Tim Oxford and Max Kerman of The Arkells talk to VO
Tim Oxford could not have known it at the time, but one day his job as a golf ball sorter would be inspiration for one of the most heart-pumping tracks off his band's 2008 album Jackson Square. "Oh, the Boss is Coming!" speaks of the drudgery, boredom and injustice of jobs like the one Oxford had. "I sorted golf-balls by number. Number ones in one bucket, number twos in another bucket. That is the most tedious, irritating job known to man," said the drummer of the Arkells.
Oxford and lead singer Max Kerman, who sat down to speak with VO Thursday, may no longer be cogs in the machine of menial labour, but, said Oxford, "You’ve got to respect anyone who’s sticking it out nine to five doing that. (Kerman told me that he lasted two hours at a telemarketing job before walking out during the training session).
Without missing a beat, when I ask who inspires them, Oxford says "Max!" and Kerman responds "Tim!" And the two members of the Arkells do compliment one another. The lead singer, who is both engaging and nonchalant, plays the role of the comedian while also gamely answering all of my questions. Oxford is quieter, down-to-earth, and injects reflective commentary into our conversation.
Tim Oxford set the beat.
Earlier this year the band, whose indie rock sound has been described by Now Magazine as having "an awesome muscular quality," won a Juno Award for New Group of the Year. But they claim that they haven't mastered the art of looking paparazzi-ready at the airport. "When we go to Toronto we still look like a bunch of bumbling fools with our guitar cases falling off the dolly. Struggling at the airport never really changes," Kerman said. Switching his tone, he adds that, "It's been really cool to celebrate our hard work with the people who have been supportive of us."
It's been four years since the group was formed on Arkell Street, where some of the band members lived, in Hamilton. "It was a home birth, a water birth, we had a [mid-wife]," Kerman joked. They enjoyed playing music together and were inspired by other musicians so they began to write and perform their own songs, he said.
The music scene in Hamilton provided a nuturing environment for the newly-conceived band. "You need other bands to help you build a scene and find places to play, so for us it’s been a very supportive scene. And now it’s great to get together with a bunch of bands whenever we can," Oxford said.
Max Kerman entertained the crowd at UBC.
I can't help but notice that some of the songs off their most recent album touch on themes of socialism and the struggle of the working class. Another single from Jackson Square references Venezuelan leader Hugo Chavez, and "No Champagne Socialist," is about a young man loyal to his ideals.
So is their music political? Sometimes, said Kerman. But ultimately what the Arkells love is storytelling. "I don’t think it’s trying to say anything. People can interpret it how they like. We’re just trying to be good storytellers," he said.

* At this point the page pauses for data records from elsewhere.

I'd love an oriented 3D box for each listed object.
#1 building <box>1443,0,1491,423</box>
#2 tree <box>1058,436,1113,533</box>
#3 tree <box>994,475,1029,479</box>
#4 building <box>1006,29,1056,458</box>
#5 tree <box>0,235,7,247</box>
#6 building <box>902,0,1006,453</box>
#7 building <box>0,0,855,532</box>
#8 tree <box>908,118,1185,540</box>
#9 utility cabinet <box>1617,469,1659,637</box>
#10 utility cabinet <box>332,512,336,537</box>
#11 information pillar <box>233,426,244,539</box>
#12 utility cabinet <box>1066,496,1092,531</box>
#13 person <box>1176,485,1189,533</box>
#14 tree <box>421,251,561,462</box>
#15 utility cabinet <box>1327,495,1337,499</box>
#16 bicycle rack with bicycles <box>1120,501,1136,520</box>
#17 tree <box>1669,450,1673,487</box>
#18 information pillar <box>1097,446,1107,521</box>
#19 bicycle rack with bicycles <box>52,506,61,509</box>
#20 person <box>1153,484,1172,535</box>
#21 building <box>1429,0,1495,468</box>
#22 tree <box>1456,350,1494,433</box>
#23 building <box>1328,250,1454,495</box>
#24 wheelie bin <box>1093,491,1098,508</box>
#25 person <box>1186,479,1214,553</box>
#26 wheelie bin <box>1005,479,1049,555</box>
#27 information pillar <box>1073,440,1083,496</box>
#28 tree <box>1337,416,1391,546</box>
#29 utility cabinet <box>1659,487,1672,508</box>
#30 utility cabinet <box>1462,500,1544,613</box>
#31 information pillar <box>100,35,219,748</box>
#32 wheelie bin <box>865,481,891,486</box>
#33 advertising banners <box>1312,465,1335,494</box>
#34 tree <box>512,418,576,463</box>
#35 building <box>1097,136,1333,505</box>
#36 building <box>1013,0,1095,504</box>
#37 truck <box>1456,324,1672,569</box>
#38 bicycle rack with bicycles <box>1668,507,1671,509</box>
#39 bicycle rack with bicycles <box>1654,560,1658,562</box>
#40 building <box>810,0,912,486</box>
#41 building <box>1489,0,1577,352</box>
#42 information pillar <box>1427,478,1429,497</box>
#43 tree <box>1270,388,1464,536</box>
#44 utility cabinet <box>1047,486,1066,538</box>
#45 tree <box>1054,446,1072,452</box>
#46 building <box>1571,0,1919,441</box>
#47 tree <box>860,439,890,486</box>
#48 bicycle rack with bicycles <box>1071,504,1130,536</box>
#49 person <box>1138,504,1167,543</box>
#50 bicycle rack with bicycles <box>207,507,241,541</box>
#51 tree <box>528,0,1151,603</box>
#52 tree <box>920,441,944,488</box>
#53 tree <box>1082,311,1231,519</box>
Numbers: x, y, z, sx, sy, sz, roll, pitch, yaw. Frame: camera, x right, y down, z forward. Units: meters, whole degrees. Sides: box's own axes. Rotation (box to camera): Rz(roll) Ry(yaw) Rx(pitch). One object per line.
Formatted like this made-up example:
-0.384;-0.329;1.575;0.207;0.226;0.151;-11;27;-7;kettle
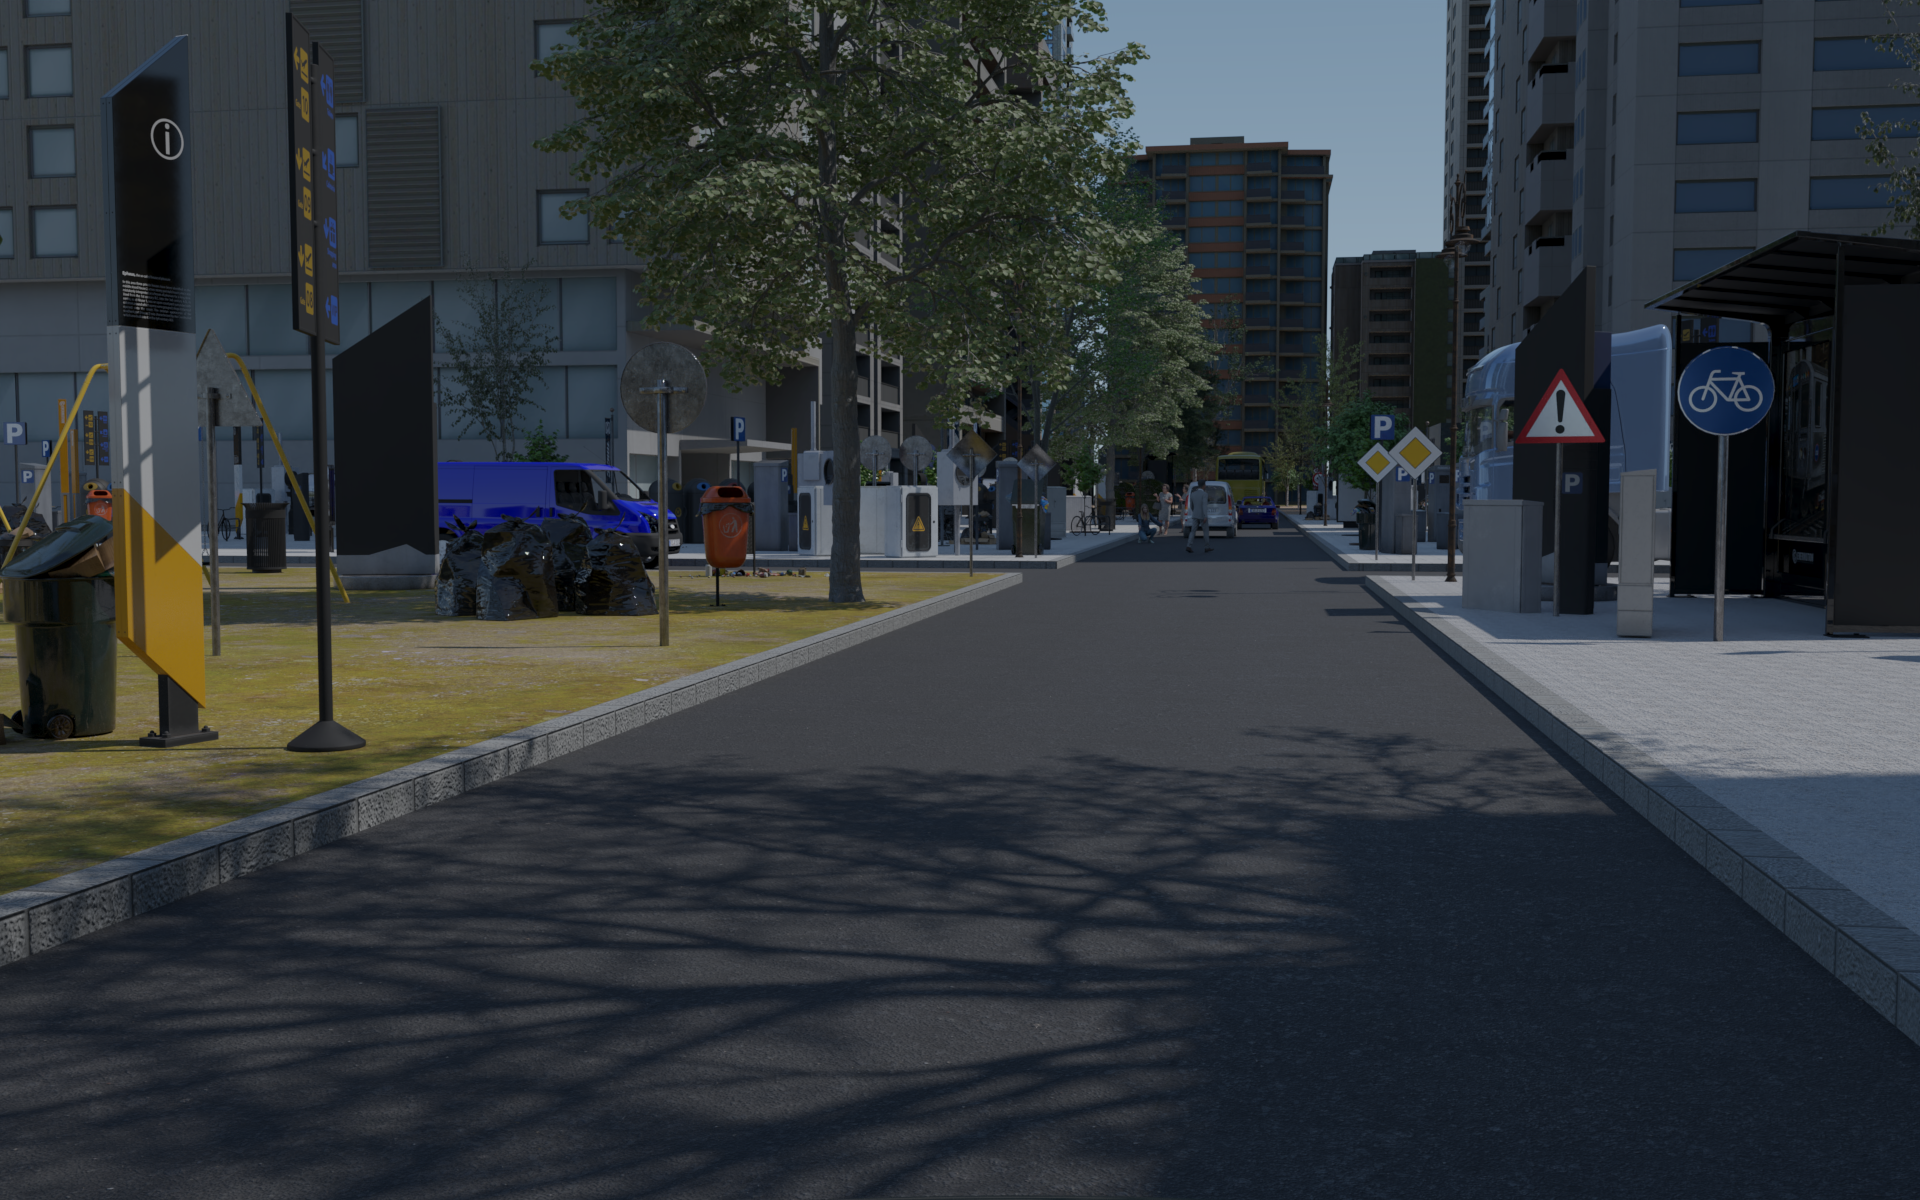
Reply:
69.405;-47.033;207.246;20.611;71.187;20.563;1;4;10;building
4.011;-3.848;57.510;1.663;3.219;1.824;0;3;0;tree
2.574;-5.424;83.289;1.663;3.219;1.824;0;3;0;tree
1.321;-31.546;165.883;14.200;45.320;14.600;1;4;10;building
-5.061;-1.341;5.645;4.285;4.588;4.351;0;3;0;tree
-8.751;-30.563;123.408;21.300;48.544;21.600;1;4;10;building
-19.791;-29.368;69.401;28.713;52.752;27.495;1;4;10;building
2.296;-7.474;47.962;9.928;11.665;9.643;0;3;0;tree
6.205;-0.442;15.902;0.318;1.500;1.173;1;4;22;utility cabinet
-18.500;-2.642;51.882;0.318;1.500;1.173;2;4;24;utility cabinet
-20.449;-3.529;49.058;0.183;3.616;0.504;-3;4;-38;information pillar
4.094;-3.033;60.753;1.020;1.237;0.306;-1;4;-19;utility cabinet
8.214;-3.366;63.894;0.532;1.782;0.716;-1;4;-16;person
-13.772;-6.189;51.552;4.360;8.622;3.978;0;3;0;tree
21.286;-5.340;98.462;1.020;1.237;0.306;2;4;30;utility cabinet
7.379;-4.424;85.716;2.925;0.926;2.852;1;4;23;bicycle rack with bicycles
27.800;-4.491;68.026;1.663;3.219;1.824;0;3;0;tree
6.423;-5.298;77.977;0.504;3.616;0.183;-2;4;-31;information pillar
-52.989;-5.197;98.350;2.925;0.926;2.852;-1;4;-17;bicycle rack with bicycles
6.992;-3.136;60.127;0.716;1.782;0.532;2;4;31;person
53.594;-51.059;147.488;22.319;86.520;31.000;1;4;10;building
26.615;-8.229;84.904;4.737;8.622;4.395;0;3;0;tree
51.711;-26.685;207.998;14.107;30.474;14.160;1;4;10;building
7.286;-4.995;89.583;0.693;1.594;0.980;-1;4;-10;wheelie bin
5.865;-2.059;42.432;0.850;1.792;0.678;-3;5;-41;person
1.433;-1.758;36.644;0.980;1.594;0.693;1;4;16;wheelie bin
4.790;-4.819;70.143;0.504;3.616;0.183;-3;5;-43;information pillar
10.246;-2.986;43.429;1.663;3.219;1.824;0;3;0;tree
22.686;-2.872;55.643;0.318;1.500;1.173;-1;4;-21;utility cabinet
5.977;-0.485;19.099;0.306;1.237;1.020;-1;4;-21;utility cabinet
-4.059;-1.064;8.748;0.183;3.616;0.504;2;4;24;information pillar
-2.022;-2.180;43.545;0.980;1.594;0.693;-1;4;-19;wheelie bin
21.740;-6.485;102.225;2.074;3.025;0.090;1;4;21;advertising banners
-10.544;-3.025;44.057;1.663;3.219;1.824;0;3;0;tree
31.117;-34.290;215.272;28.867;44.769;22.147;1;4;10;building
1.297;-55.407;218.574;31.000;86.520;22.319;1;4;10;building
17.001;-2.314;27.595;18.799;4.110;2.967;1;4;9;truck
18.628;-2.050;46.906;2.925;0.926;2.852;2;4;35;bicycle rack with bicycles
12.142;-1.228;33.461;2.925;0.926;2.852;2;4;30;bicycle rack with bicycles
-16.371;-44.442;164.885;20.611;71.187;20.563;1;4;10;building
51.816;-32.325;117.755;28.713;52.752;27.495;1;4;10;building
21.176;-4.505;78.152;0.304;2.012;0.304;1;4;22;information pillar
12.519;-4.240;53.034;4.285;4.588;4.351;0;3;0;tree
2.588;-2.543;50.260;1.173;1.500;0.318;-3;5;-44;utility cabinet
6.581;-7.431;105.215;4.285;4.588;4.351;0;3;0;tree
42.803;-33.428;88.551;21.231;58.520;28.212;1;4;10;building
-3.560;-4.085;61.394;1.663;3.219;1.824;0;3;0;tree
3.287;-2.474;53.828;2.852;0.926;2.925;2;4;31;bicycle rack with bicycles
5.555;-2.239;50.607;1.012;1.151;0.738;-1;4;-15;person
-21.042;-2.085;47.476;2.852;0.926;2.925;-1;4;-11;bicycle rack with bicycles
-1.773;-6.262;20.504;7.486;12.596;7.792;0;3;0;tree
-0.553;-4.115;61.879;1.663;3.219;1.824;0;3;0;tree
9.295;-9.401;88.111;7.601;10.594;8.767;3;4;36;tree

Kerman said that his band also enjoys listening to stories, which provide inspiration for their music. They are fans of This American Life and the CBC's Jian Ghomeshi. The Ballad of Hugo Chavez was written because they're "interested in profiles of interesting people and he's an interesting guy," said the lead singer.
Before I spoke with Kerman and Oxford they had just played a free concert for back-to-school students at UBC's Student Union Building. University campuses, often a hotbed for activism, seemed to me the ideal place to encourage young people to think about the world differently. Does the band want their music to motivate fans to take action?
"If the music produces something positive, I think that’s a really good thing. If it makes people more thoughtful about certain issues then that’s great, " Kerman said.
The band tries to give back to the community through their own charity work. Oxford, who lost his father to colorectal cancer, is involved with the Canadian Colorectal Society. The Arkells have also added their voices to War Child's Busking For Change event.
But if the music scene starts to get old, Kerman and Oxford said they would opt for a student's life and go to UBC (their alma mater is McMaster). "We’d major in hacky-sack. Minor in hanging-out," Kerman said.
The Arkells' free concert was made possible by TD Canada Trust's secret shows series. Although the show was promoted during the first weeks of school, the identity of the band was kept secret until two days before the event. Students, many of whom are in the first year at UBC, gathered on the grassy hill by the Student Union Building to watch the show.
"It was pretty awesome," said Sifat Hasan after the set. "If there are concerts like this every week, I think university will be fun!"
"It made you want to dance," said Jackie MacDiarmid, who had never heard of the band until now.
Best seat in the house.
The band stuck around to sign autographs and talk to fans, who were also treated to free pizza before the show.